━━━━━ Data supplied ━━━━━

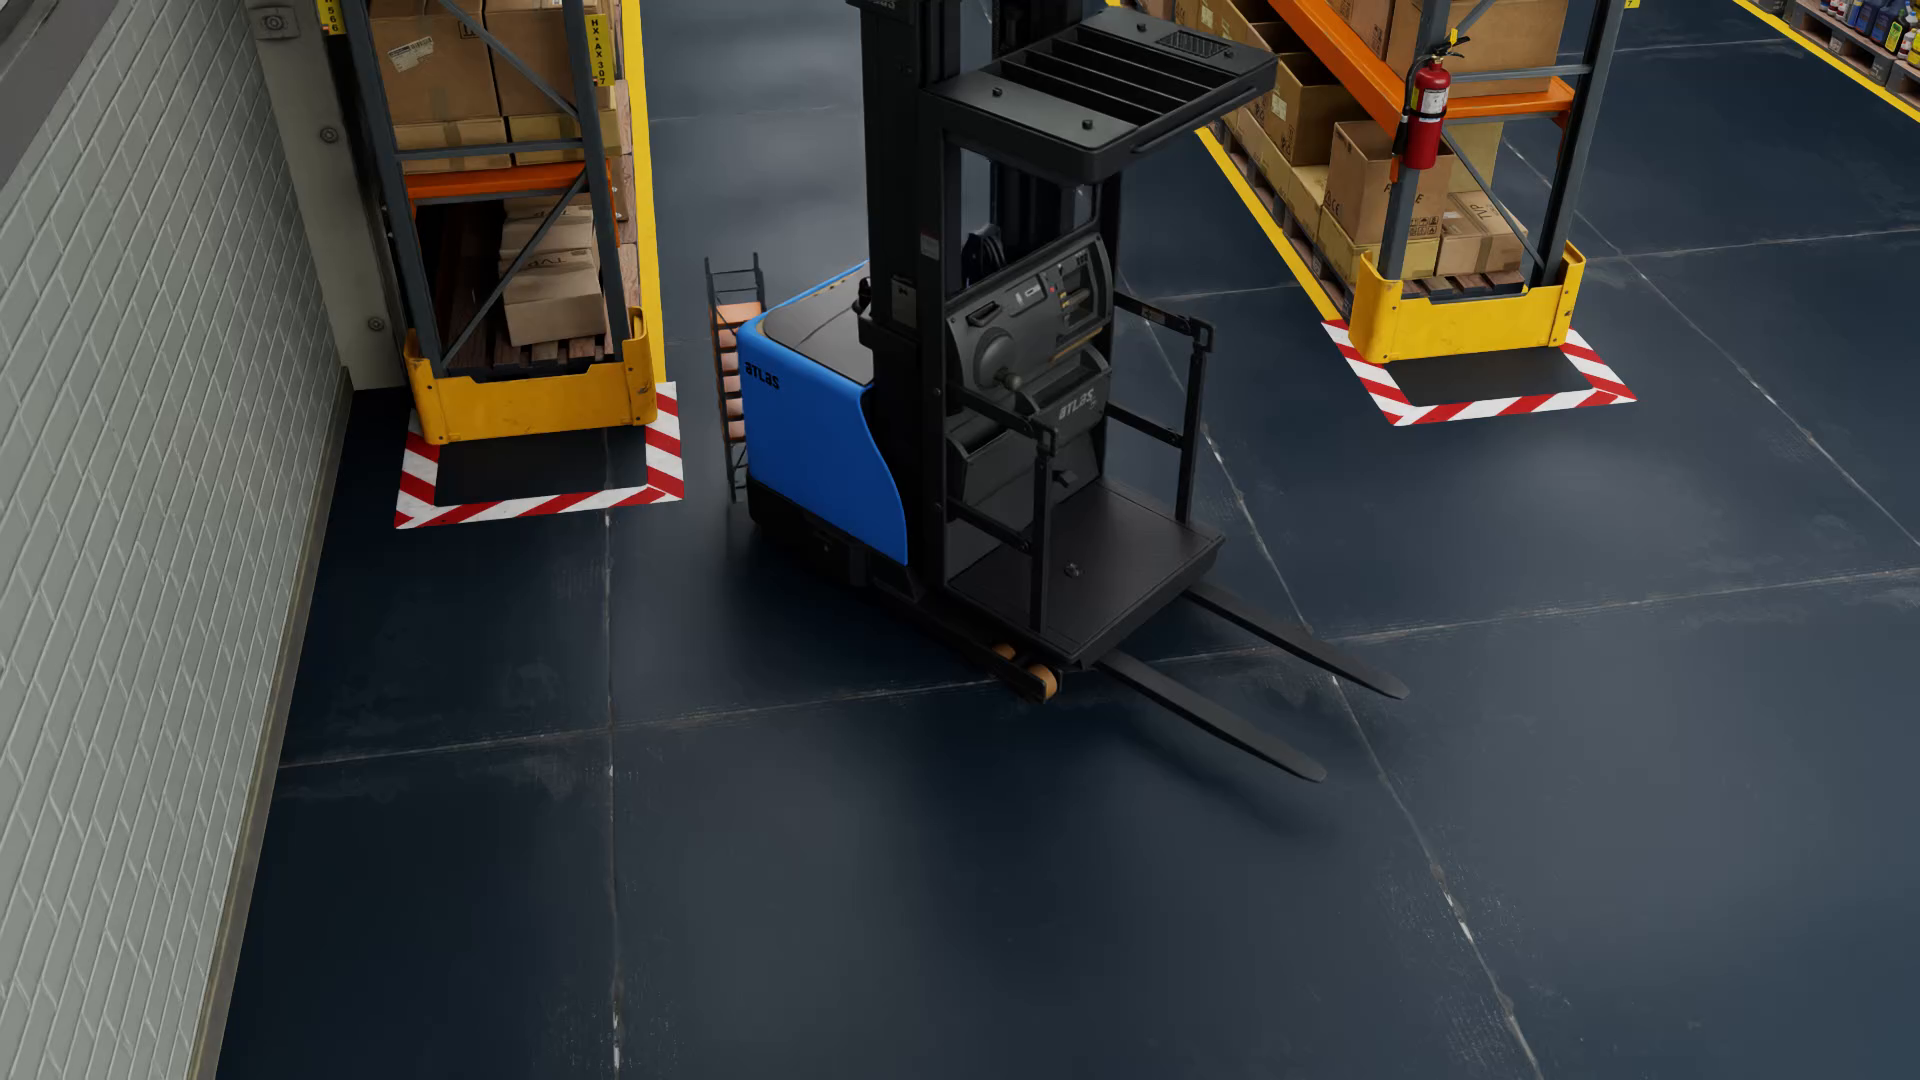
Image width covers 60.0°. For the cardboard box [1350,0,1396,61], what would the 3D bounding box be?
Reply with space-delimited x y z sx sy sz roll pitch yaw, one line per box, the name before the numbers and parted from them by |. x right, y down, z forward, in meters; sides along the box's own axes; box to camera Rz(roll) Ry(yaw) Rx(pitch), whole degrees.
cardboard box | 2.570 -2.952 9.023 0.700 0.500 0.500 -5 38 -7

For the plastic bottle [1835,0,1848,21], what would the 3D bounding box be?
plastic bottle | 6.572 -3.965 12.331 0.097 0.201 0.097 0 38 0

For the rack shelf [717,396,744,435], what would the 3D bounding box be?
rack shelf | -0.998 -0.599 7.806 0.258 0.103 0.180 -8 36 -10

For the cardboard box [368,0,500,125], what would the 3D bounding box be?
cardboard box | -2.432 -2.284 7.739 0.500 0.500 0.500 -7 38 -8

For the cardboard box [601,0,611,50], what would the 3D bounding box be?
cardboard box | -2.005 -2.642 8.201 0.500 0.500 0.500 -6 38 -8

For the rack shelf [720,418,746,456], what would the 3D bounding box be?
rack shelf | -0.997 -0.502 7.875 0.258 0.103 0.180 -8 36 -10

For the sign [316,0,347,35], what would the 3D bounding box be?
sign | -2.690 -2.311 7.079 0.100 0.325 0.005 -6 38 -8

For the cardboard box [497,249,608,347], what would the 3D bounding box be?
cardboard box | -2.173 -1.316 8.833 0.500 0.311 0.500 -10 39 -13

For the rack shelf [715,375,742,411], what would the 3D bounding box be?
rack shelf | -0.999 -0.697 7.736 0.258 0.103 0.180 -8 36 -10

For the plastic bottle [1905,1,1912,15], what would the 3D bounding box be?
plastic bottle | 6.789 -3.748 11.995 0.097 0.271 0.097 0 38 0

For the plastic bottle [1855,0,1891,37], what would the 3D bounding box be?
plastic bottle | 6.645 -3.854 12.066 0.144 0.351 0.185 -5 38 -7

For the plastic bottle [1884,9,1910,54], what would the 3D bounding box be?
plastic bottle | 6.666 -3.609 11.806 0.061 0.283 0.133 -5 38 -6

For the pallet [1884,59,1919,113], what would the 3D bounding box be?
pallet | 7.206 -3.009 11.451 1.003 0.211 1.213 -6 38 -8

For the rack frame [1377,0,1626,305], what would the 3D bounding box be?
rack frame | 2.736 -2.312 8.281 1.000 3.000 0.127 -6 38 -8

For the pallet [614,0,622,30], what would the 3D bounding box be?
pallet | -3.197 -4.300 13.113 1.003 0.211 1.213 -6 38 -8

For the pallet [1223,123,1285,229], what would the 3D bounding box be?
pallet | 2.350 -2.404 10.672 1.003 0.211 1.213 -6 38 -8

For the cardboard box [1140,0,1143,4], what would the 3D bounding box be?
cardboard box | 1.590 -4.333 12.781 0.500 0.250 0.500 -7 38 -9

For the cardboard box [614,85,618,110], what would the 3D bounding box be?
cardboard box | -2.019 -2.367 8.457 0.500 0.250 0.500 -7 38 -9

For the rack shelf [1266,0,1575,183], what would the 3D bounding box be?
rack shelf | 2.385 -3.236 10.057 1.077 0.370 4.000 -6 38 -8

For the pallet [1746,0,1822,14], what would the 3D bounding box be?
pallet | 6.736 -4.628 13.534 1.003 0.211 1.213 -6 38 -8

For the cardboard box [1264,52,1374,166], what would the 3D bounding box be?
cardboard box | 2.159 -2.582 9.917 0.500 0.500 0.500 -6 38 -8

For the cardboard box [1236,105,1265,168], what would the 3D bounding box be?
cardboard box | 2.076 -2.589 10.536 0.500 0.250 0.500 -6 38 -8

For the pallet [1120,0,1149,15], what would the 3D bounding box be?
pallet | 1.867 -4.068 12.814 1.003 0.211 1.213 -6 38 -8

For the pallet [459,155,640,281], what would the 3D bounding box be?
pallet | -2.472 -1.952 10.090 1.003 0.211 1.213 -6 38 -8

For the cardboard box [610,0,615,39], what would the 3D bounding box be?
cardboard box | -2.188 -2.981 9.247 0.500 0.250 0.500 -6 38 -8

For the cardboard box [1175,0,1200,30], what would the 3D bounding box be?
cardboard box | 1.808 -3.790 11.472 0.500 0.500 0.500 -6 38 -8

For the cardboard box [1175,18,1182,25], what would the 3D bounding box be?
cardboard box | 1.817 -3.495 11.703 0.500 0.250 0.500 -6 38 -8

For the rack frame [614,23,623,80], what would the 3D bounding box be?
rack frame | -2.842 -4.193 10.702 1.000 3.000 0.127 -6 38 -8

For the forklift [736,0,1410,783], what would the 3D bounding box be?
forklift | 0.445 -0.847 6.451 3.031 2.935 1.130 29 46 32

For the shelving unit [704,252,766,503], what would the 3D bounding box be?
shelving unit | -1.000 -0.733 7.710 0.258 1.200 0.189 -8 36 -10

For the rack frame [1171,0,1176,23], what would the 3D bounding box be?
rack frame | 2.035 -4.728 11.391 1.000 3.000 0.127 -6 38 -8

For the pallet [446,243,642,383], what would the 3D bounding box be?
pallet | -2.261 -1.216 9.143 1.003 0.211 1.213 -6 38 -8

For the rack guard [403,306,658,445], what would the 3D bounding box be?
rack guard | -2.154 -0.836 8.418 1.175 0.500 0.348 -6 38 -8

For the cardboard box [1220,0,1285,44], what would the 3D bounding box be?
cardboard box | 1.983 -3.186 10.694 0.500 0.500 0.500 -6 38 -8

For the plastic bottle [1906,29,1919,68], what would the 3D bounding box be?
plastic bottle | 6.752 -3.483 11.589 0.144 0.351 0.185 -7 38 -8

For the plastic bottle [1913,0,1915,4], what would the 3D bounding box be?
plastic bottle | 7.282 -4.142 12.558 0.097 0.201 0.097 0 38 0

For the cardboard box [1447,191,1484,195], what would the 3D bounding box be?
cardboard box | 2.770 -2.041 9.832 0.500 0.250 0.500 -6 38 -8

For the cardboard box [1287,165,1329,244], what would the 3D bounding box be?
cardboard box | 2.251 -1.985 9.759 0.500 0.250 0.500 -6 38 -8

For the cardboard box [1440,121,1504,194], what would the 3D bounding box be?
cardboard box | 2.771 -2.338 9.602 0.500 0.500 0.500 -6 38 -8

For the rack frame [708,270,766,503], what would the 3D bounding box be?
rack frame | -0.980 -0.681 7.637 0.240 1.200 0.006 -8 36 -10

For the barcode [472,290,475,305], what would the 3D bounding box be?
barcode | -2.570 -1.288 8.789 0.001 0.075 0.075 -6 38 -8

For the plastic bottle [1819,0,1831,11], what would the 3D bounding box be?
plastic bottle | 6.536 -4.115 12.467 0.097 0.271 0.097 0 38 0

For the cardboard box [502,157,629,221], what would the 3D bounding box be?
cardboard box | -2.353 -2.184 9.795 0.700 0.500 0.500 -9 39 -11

━━━━━

→ **Task description**: Go back to the records above and write them out exactly, without the pictures.

→ **Reply to the exercise**:
Image width covers 60.0°. For the cardboard box [1350,0,1396,61], what would the 3D bounding box be?
Reply with space-delimited x y z sx sy sz roll pitch yaw, one line per box, the name before the numbers and parted from them by |. x right, y down, z forward, in meters; sides along the box's own axes; box to camera Rz(roll) Ry(yaw) Rx(pitch), whole degrees.
cardboard box | 2.570 -2.952 9.023 0.700 0.500 0.500 -5 38 -7

For the plastic bottle [1835,0,1848,21], what would the 3D bounding box be?
plastic bottle | 6.572 -3.965 12.331 0.097 0.201 0.097 0 38 0

For the rack shelf [717,396,744,435], what would the 3D bounding box be?
rack shelf | -0.998 -0.599 7.806 0.258 0.103 0.180 -8 36 -10

For the cardboard box [368,0,500,125], what would the 3D bounding box be?
cardboard box | -2.432 -2.284 7.739 0.500 0.500 0.500 -7 38 -8

For the cardboard box [601,0,611,50], what would the 3D bounding box be?
cardboard box | -2.005 -2.642 8.201 0.500 0.500 0.500 -6 38 -8

For the rack shelf [720,418,746,456], what would the 3D bounding box be?
rack shelf | -0.997 -0.502 7.875 0.258 0.103 0.180 -8 36 -10

For the sign [316,0,347,35], what would the 3D bounding box be?
sign | -2.690 -2.311 7.079 0.100 0.325 0.005 -6 38 -8

For the cardboard box [497,249,608,347], what would the 3D bounding box be?
cardboard box | -2.173 -1.316 8.833 0.500 0.311 0.500 -10 39 -13

For the rack shelf [715,375,742,411], what would the 3D bounding box be?
rack shelf | -0.999 -0.697 7.736 0.258 0.103 0.180 -8 36 -10

For the plastic bottle [1905,1,1912,15], what would the 3D bounding box be?
plastic bottle | 6.789 -3.748 11.995 0.097 0.271 0.097 0 38 0

For the plastic bottle [1855,0,1891,37], what would the 3D bounding box be?
plastic bottle | 6.645 -3.854 12.066 0.144 0.351 0.185 -5 38 -7

For the plastic bottle [1884,9,1910,54], what would the 3D bounding box be?
plastic bottle | 6.666 -3.609 11.806 0.061 0.283 0.133 -5 38 -6

For the pallet [1884,59,1919,113], what would the 3D bounding box be?
pallet | 7.206 -3.009 11.451 1.003 0.211 1.213 -6 38 -8

For the rack frame [1377,0,1626,305], what would the 3D bounding box be?
rack frame | 2.736 -2.312 8.281 1.000 3.000 0.127 -6 38 -8

For the pallet [614,0,622,30], what would the 3D bounding box be?
pallet | -3.197 -4.300 13.113 1.003 0.211 1.213 -6 38 -8

For the pallet [1223,123,1285,229], what would the 3D bounding box be?
pallet | 2.350 -2.404 10.672 1.003 0.211 1.213 -6 38 -8

For the cardboard box [1140,0,1143,4], what would the 3D bounding box be?
cardboard box | 1.590 -4.333 12.781 0.500 0.250 0.500 -7 38 -9

For the cardboard box [614,85,618,110], what would the 3D bounding box be?
cardboard box | -2.019 -2.367 8.457 0.500 0.250 0.500 -7 38 -9

For the rack shelf [1266,0,1575,183], what would the 3D bounding box be?
rack shelf | 2.385 -3.236 10.057 1.077 0.370 4.000 -6 38 -8

For the pallet [1746,0,1822,14], what would the 3D bounding box be?
pallet | 6.736 -4.628 13.534 1.003 0.211 1.213 -6 38 -8

For the cardboard box [1264,52,1374,166], what would the 3D bounding box be?
cardboard box | 2.159 -2.582 9.917 0.500 0.500 0.500 -6 38 -8

For the cardboard box [1236,105,1265,168], what would the 3D bounding box be?
cardboard box | 2.076 -2.589 10.536 0.500 0.250 0.500 -6 38 -8

For the pallet [1120,0,1149,15], what would the 3D bounding box be?
pallet | 1.867 -4.068 12.814 1.003 0.211 1.213 -6 38 -8

For the pallet [459,155,640,281], what would the 3D bounding box be?
pallet | -2.472 -1.952 10.090 1.003 0.211 1.213 -6 38 -8

For the cardboard box [610,0,615,39], what would the 3D bounding box be?
cardboard box | -2.188 -2.981 9.247 0.500 0.250 0.500 -6 38 -8

For the cardboard box [1175,0,1200,30], what would the 3D bounding box be?
cardboard box | 1.808 -3.790 11.472 0.500 0.500 0.500 -6 38 -8

For the cardboard box [1175,18,1182,25], what would the 3D bounding box be?
cardboard box | 1.817 -3.495 11.703 0.500 0.250 0.500 -6 38 -8

For the rack frame [614,23,623,80], what would the 3D bounding box be?
rack frame | -2.842 -4.193 10.702 1.000 3.000 0.127 -6 38 -8

For the forklift [736,0,1410,783], what would the 3D bounding box be?
forklift | 0.445 -0.847 6.451 3.031 2.935 1.130 29 46 32

For the shelving unit [704,252,766,503], what would the 3D bounding box be?
shelving unit | -1.000 -0.733 7.710 0.258 1.200 0.189 -8 36 -10

For the rack frame [1171,0,1176,23], what would the 3D bounding box be?
rack frame | 2.035 -4.728 11.391 1.000 3.000 0.127 -6 38 -8

For the pallet [446,243,642,383], what would the 3D bounding box be?
pallet | -2.261 -1.216 9.143 1.003 0.211 1.213 -6 38 -8

For the rack guard [403,306,658,445], what would the 3D bounding box be?
rack guard | -2.154 -0.836 8.418 1.175 0.500 0.348 -6 38 -8

For the cardboard box [1220,0,1285,44], what would the 3D bounding box be?
cardboard box | 1.983 -3.186 10.694 0.500 0.500 0.500 -6 38 -8

For the plastic bottle [1906,29,1919,68], what would the 3D bounding box be?
plastic bottle | 6.752 -3.483 11.589 0.144 0.351 0.185 -7 38 -8

For the plastic bottle [1913,0,1915,4], what would the 3D bounding box be?
plastic bottle | 7.282 -4.142 12.558 0.097 0.201 0.097 0 38 0

For the cardboard box [1447,191,1484,195], what would the 3D bounding box be?
cardboard box | 2.770 -2.041 9.832 0.500 0.250 0.500 -6 38 -8

For the cardboard box [1287,165,1329,244], what would the 3D bounding box be?
cardboard box | 2.251 -1.985 9.759 0.500 0.250 0.500 -6 38 -8

For the cardboard box [1440,121,1504,194], what would the 3D bounding box be?
cardboard box | 2.771 -2.338 9.602 0.500 0.500 0.500 -6 38 -8

For the rack frame [708,270,766,503], what would the 3D bounding box be?
rack frame | -0.980 -0.681 7.637 0.240 1.200 0.006 -8 36 -10

For the barcode [472,290,475,305], what would the 3D bounding box be?
barcode | -2.570 -1.288 8.789 0.001 0.075 0.075 -6 38 -8

For the plastic bottle [1819,0,1831,11], what would the 3D bounding box be?
plastic bottle | 6.536 -4.115 12.467 0.097 0.271 0.097 0 38 0

For the cardboard box [502,157,629,221], what would the 3D bounding box be?
cardboard box | -2.353 -2.184 9.795 0.700 0.500 0.500 -9 39 -11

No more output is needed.